### To do:
An exact transcription is needed, starting at the line containing "Instruction: Find the" and running through the last line of the records, with every picture left out.

### Data in this exercise:
━━━━━━━━━━━━━━━━

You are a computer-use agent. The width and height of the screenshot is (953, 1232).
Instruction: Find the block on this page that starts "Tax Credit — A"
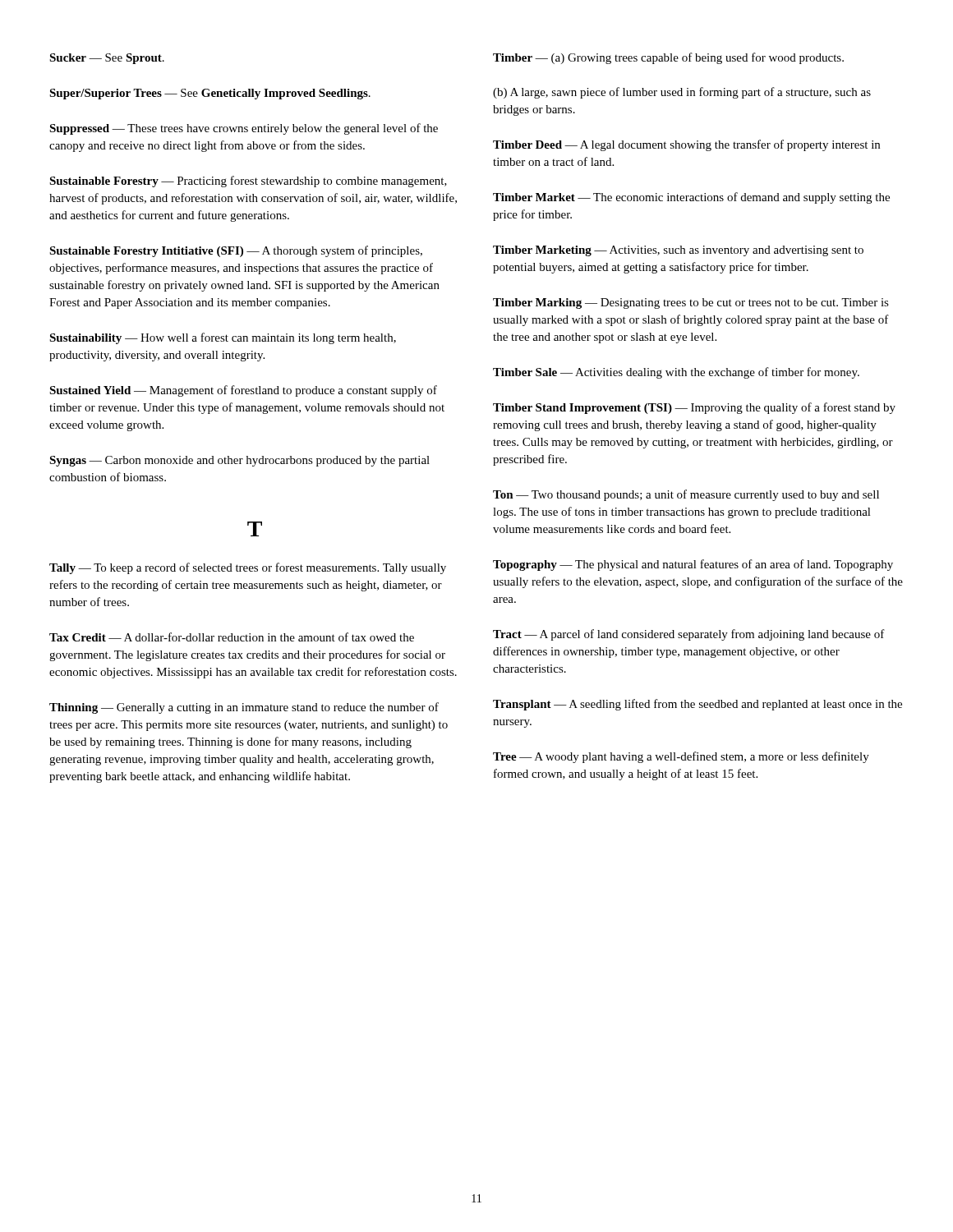(253, 655)
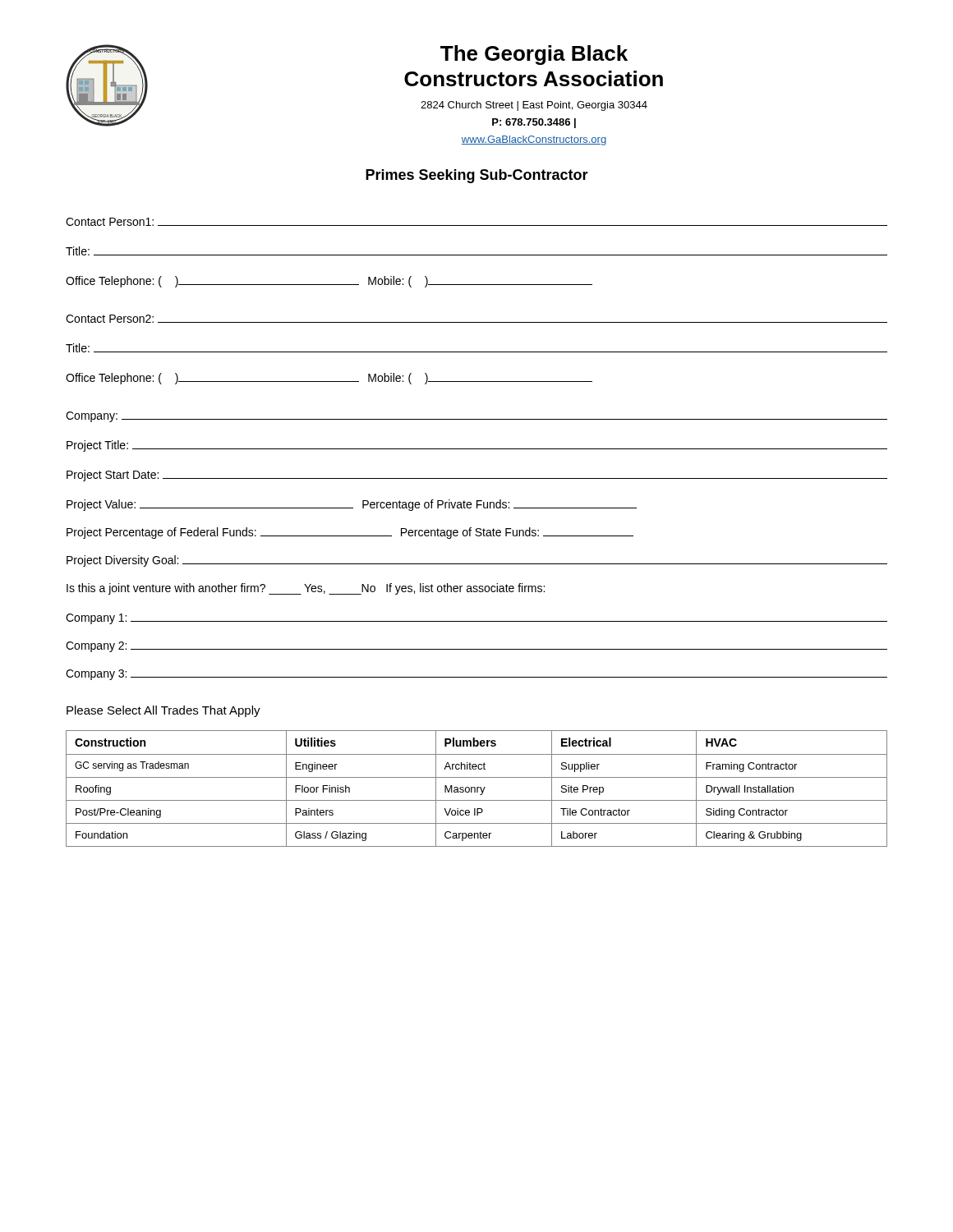
Task: Find the text block containing "Project Value: Percentage of Private"
Action: [x=351, y=502]

━━━━━━━━━━━━━━━━

### Task solution:
Instruction: Find the block on this page that starts "Tax Credit — A"
(253, 655)
Task: Find the text block containing "Project Value: Percentage of Private"
Action: [x=351, y=502]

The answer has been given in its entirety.